Die Bewertungsblätter für neuartige Zugleitsysteme (z.B. LZB CE) befinden sich in der Erarbeitung.


3
BREMSBEWERTUNG FÜR LANGSAMWIRKENDE DRUCKLUFTBREMSEN (BREMSART G)
Das Bewertungsblatt für langsamwirkende Druckluftbremsen enthält Anlage 4 .


4
BREMSBEWERTUNG UND BREMSGEWICHTSANSCHRIFT
Die Bremsgewichte sind den einzelnen Bremssegmenten der Fahrzeuge oder Züge zuzuordnen und nach besonderen Regeln an den Fahrzeugen außen anzuschreiben.
Für EBO-Fahrzeuge sind die Einzelheiten in der "Ergänzende Regelung Nr. B 001/2000 zur Anordnung und Ausführung von Bremsanschriften an Reisezug- und Triebwagen", Rev. 8 vom 13.06.2001 aufgeführt. Die am Fahrzeug außen angeschriebenen Bremsgewichtswerte beziehen sich auf die Steuerungsebene Hauptluftleitung.

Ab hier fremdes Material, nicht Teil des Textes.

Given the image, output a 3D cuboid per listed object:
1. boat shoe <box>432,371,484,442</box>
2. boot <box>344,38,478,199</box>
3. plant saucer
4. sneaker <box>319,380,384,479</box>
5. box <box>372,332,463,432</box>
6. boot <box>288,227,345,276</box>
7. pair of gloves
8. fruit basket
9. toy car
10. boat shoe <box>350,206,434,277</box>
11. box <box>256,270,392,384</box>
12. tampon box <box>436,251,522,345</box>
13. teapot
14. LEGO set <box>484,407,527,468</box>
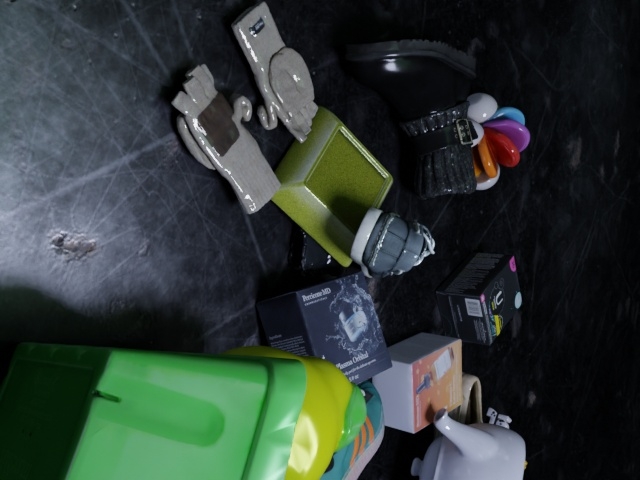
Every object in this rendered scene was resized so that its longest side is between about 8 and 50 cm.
[{"bbox_3d":[0.291,0.404,1.414,0.109,0.098,0.302,-24,111,-45],"label":"boat shoe"},{"bbox_3d":[0.170,-0.199,1.194,0.348,0.131,0.260,-3,97,-48],"label":"boot"},{"bbox_3d":[0.031,-0.088,1.070,0.188,0.045,0.188,43,59,-24],"label":"plant saucer"},{"bbox_3d":[0.022,0.276,1.041,0.302,0.108,0.121,-49,134,-61],"label":"sneaker"},{"bbox_3d":[0.179,0.256,1.277,0.170,0.091,0.130,-14,104,-48],"label":"box"},{"bbox_3d":[0.000,0.000,1.087,0.099,0.045,0.121,13,82,-43],"label":"boot"},{"bbox_3d":[-0.096,-0.181,0.960,0.204,0.042,0.240,53,54,-33],"label":"pair of gloves"},{"bbox_3d":[-0.123,0.222,0.713,0.392,0.392,0.283,35,64,-45],"label":"fruit basket"},{"bbox_3d":[0.346,-0.198,1.391,0.159,0.136,0.182,54,55,-37],"label":"toy car"},{"bbox_3d":[0.127,0.018,1.110,0.116,0.099,0.319,-68,165,0],"label":"boat shoe"},{"bbox_3d":[0.008,0.142,1.039,0.156,0.093,0.158,-14,85,-47],"label":"box"},{"bbox_3d":[0.327,0.116,1.425,0.161,0.101,0.120,-39,122,-40],"label":"tampon box"},{"bbox_3d":[0.257,0.445,1.274,0.252,0.187,0.256,46,58,-74],"label":"teapot"},{"bbox_3d":[0.396,0.501,1.547,0.087,0.093,0.227,45,61,-41],"label":"LEGO set"}]
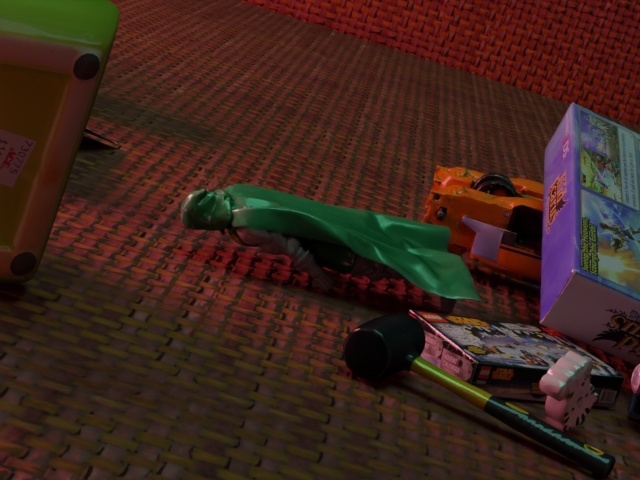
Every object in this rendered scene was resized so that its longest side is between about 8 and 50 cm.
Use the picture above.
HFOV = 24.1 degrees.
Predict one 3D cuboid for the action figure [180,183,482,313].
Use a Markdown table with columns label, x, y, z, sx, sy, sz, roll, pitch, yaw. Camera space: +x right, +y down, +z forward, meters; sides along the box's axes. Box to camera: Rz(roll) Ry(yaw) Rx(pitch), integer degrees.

Die auf der Basis anderer Steuerungssysteme (z.B. Fahrzeugbus) ermittelten Bremsgewichte sind fahrzeugintern zu hinterlegen und die Modalitäten ihrer Anwendung sind zu definieren.
Die nach den Abschnitten 2 und 3 in den einzelnen Bremsstellungen ermittelten Bremsgewichte sind Maximalwerte. Ist die Bremsleistung nach den Verfahren 2.1 und 2.2 zu bestimmen, so ist der kleinere der jeweils ermittelten Werte maßgebend.
Der tatsächliche Wert des am Fahrzeug anzuschreibenden Bremsgewichtes bei der Steuerungsebene Hauptluftleitung bzw. im Fahrzeug zu hinterlegenden Wertes bei anderen Steuerungssystemen in der jeweiligen Bremsstellung berücksichtigt betreiberspezifische Kennwerte und Betriebsdaten (Lastenheft, Konzeptabstimmung), wie z.B.:
* Wartungs- und Instandhaltungsregime
* Ausfallszenarien
* Reserven im Störungsfall
* Betriebliche Anforderung (z.B. Steilstreckentauglichkeit)
und kann deshalb vom versuchsmäßig bestimmten Maximalwert nach unten abweichen.
Die tatsächlich zur Anrechnung kommenden Bremsgewichte sind in der Fahrzeugdokumentation (Bremsberechnung) auszuweisen.